• **Problem**: Return exactly the span of lines in the following data that opens with the line containing "if ((err = cudnnCreate(&_handle))" and closes with the line containing "comp, out, err". Include nothing else.

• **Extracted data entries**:
::::::::
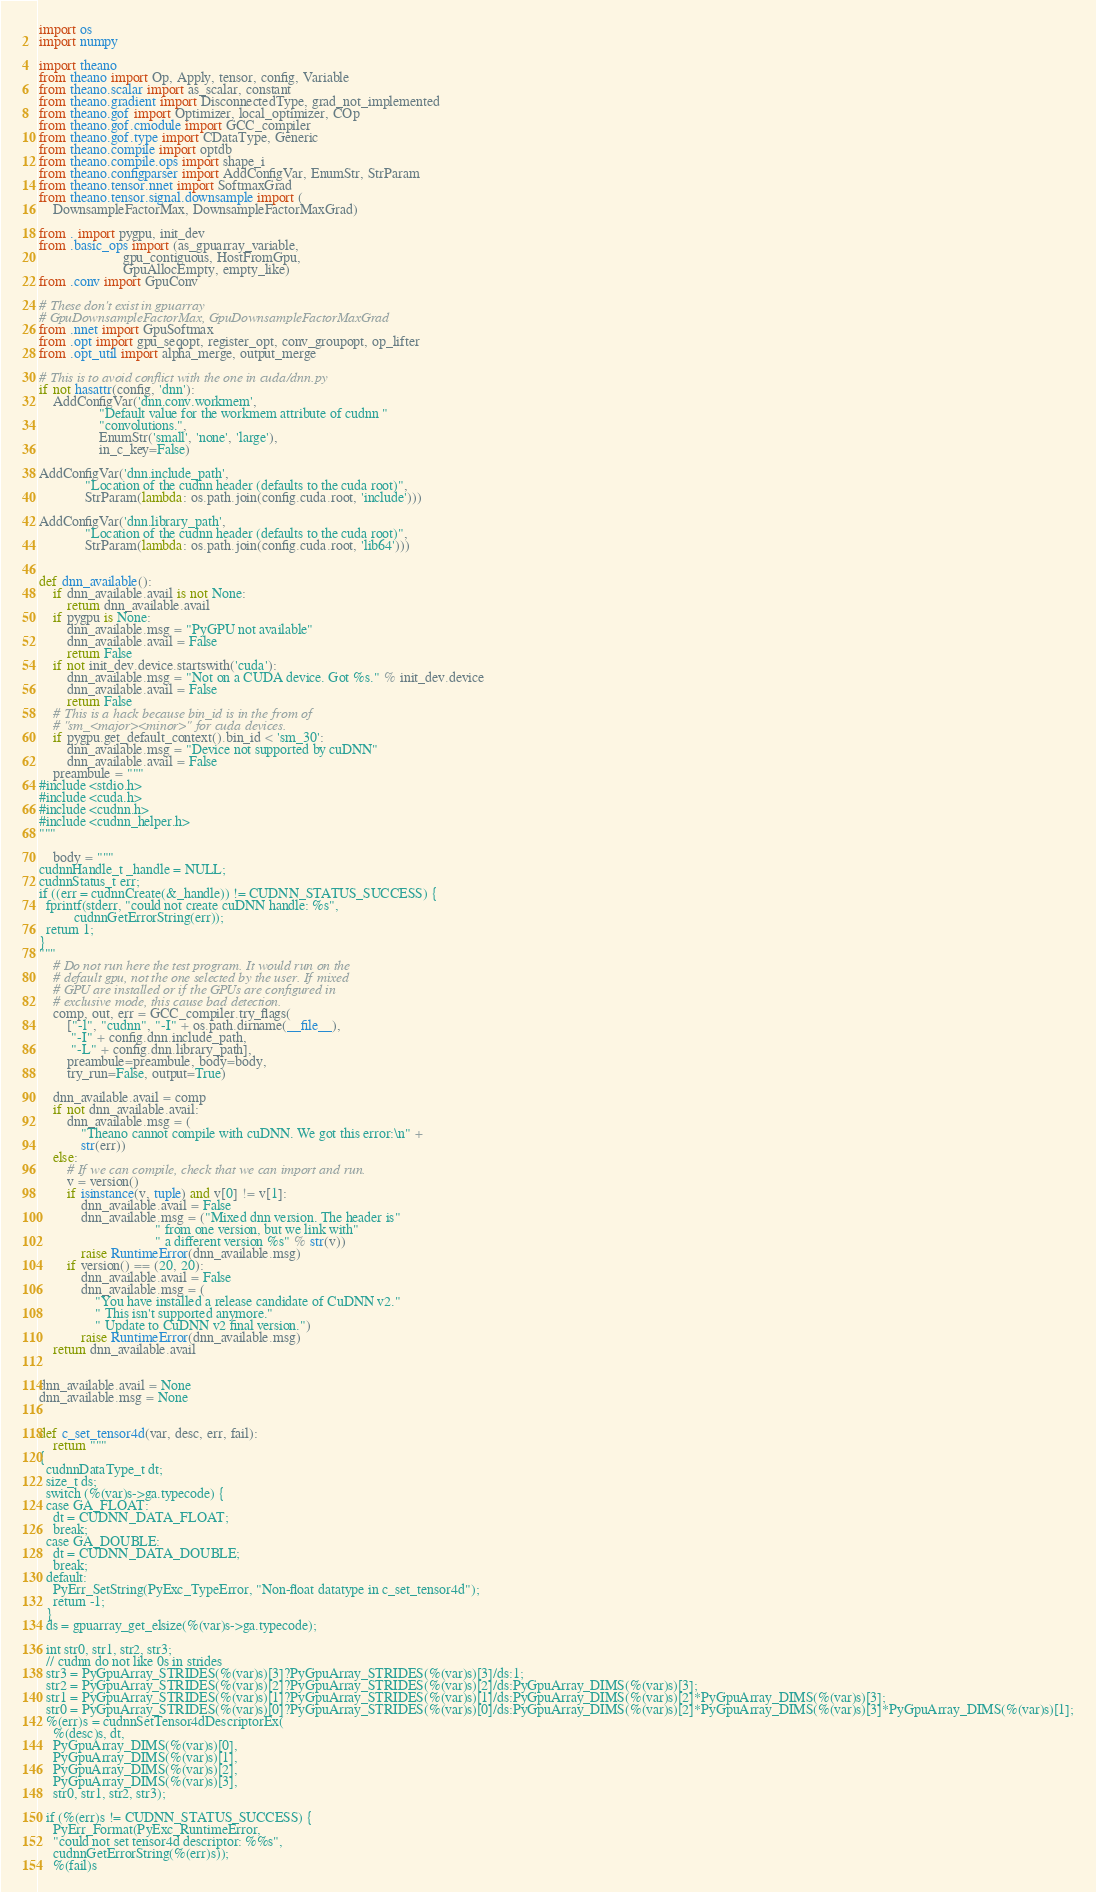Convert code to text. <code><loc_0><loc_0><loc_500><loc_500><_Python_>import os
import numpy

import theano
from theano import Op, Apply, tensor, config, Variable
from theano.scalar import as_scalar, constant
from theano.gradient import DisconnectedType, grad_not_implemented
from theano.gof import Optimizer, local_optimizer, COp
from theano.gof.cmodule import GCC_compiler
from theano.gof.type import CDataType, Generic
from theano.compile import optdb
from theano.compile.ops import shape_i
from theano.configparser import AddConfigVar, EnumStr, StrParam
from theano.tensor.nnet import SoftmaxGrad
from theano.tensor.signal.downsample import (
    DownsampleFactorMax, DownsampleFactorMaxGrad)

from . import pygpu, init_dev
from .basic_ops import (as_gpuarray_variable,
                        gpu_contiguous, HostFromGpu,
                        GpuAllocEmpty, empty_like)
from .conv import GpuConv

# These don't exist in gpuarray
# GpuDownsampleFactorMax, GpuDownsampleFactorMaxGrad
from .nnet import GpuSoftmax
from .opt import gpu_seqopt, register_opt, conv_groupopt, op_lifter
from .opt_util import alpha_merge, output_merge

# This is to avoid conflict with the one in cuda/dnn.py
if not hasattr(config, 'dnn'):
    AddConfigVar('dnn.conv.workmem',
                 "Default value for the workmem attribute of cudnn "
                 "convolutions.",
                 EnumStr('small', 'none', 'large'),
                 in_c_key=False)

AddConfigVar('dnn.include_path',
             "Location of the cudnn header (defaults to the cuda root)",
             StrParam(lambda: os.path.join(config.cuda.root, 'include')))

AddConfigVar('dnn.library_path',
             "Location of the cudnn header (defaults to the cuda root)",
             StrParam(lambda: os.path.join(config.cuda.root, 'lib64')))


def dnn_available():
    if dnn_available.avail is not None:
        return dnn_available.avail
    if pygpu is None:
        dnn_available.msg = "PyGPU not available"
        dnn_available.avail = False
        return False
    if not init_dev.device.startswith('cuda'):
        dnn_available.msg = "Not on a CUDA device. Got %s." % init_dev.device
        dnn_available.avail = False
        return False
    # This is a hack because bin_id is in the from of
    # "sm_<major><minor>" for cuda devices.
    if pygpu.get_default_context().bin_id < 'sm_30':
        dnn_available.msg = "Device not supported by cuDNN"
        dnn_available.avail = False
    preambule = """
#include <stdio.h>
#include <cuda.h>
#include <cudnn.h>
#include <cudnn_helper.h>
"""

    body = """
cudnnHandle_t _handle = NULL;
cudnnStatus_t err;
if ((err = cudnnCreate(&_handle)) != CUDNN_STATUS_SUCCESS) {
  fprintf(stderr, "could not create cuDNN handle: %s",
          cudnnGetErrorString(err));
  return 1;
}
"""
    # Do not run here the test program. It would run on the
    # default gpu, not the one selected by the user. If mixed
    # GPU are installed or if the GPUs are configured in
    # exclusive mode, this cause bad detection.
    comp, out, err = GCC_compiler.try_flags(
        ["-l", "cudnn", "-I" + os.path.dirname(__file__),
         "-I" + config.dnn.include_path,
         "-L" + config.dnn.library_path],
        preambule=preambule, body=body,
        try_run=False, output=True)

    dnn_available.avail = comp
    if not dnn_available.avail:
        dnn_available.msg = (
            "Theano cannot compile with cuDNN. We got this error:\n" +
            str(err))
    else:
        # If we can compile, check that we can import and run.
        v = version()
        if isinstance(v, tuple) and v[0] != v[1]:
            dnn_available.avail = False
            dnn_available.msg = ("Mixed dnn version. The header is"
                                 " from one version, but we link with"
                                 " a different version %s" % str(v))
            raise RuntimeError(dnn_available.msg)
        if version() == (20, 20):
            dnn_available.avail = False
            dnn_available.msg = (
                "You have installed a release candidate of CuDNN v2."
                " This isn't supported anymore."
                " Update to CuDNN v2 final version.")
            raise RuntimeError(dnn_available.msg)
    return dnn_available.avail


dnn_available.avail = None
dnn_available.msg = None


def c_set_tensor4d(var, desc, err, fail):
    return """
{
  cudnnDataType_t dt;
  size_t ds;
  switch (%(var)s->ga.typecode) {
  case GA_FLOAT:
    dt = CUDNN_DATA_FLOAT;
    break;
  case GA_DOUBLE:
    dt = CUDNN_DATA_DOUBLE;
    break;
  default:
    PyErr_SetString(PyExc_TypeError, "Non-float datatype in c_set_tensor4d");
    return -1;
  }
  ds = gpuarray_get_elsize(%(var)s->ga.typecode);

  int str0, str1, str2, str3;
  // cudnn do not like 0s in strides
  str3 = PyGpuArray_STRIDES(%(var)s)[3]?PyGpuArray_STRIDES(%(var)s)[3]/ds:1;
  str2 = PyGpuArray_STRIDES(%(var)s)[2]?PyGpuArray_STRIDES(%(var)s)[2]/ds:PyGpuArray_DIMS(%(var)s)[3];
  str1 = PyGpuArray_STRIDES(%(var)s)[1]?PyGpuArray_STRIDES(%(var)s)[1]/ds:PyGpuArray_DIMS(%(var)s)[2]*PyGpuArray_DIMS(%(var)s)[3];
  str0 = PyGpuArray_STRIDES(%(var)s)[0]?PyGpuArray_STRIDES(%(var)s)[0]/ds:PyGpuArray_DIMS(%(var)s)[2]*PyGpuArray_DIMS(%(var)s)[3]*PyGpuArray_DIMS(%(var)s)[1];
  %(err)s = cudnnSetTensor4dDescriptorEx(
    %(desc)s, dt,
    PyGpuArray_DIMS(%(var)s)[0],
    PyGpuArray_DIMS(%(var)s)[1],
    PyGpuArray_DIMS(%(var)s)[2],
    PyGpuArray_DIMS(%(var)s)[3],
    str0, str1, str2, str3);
::::::::
• **Problem solution**:
if ((err = cudnnCreate(&_handle)) != CUDNN_STATUS_SUCCESS) {
  fprintf(stderr, "could not create cuDNN handle: %s",
          cudnnGetErrorString(err));
  return 1;
}
"""
    # Do not run here the test program. It would run on the
    # default gpu, not the one selected by the user. If mixed
    # GPU are installed or if the GPUs are configured in
    # exclusive mode, this cause bad detection.
    comp, out, err = GCC_compiler.try_flags(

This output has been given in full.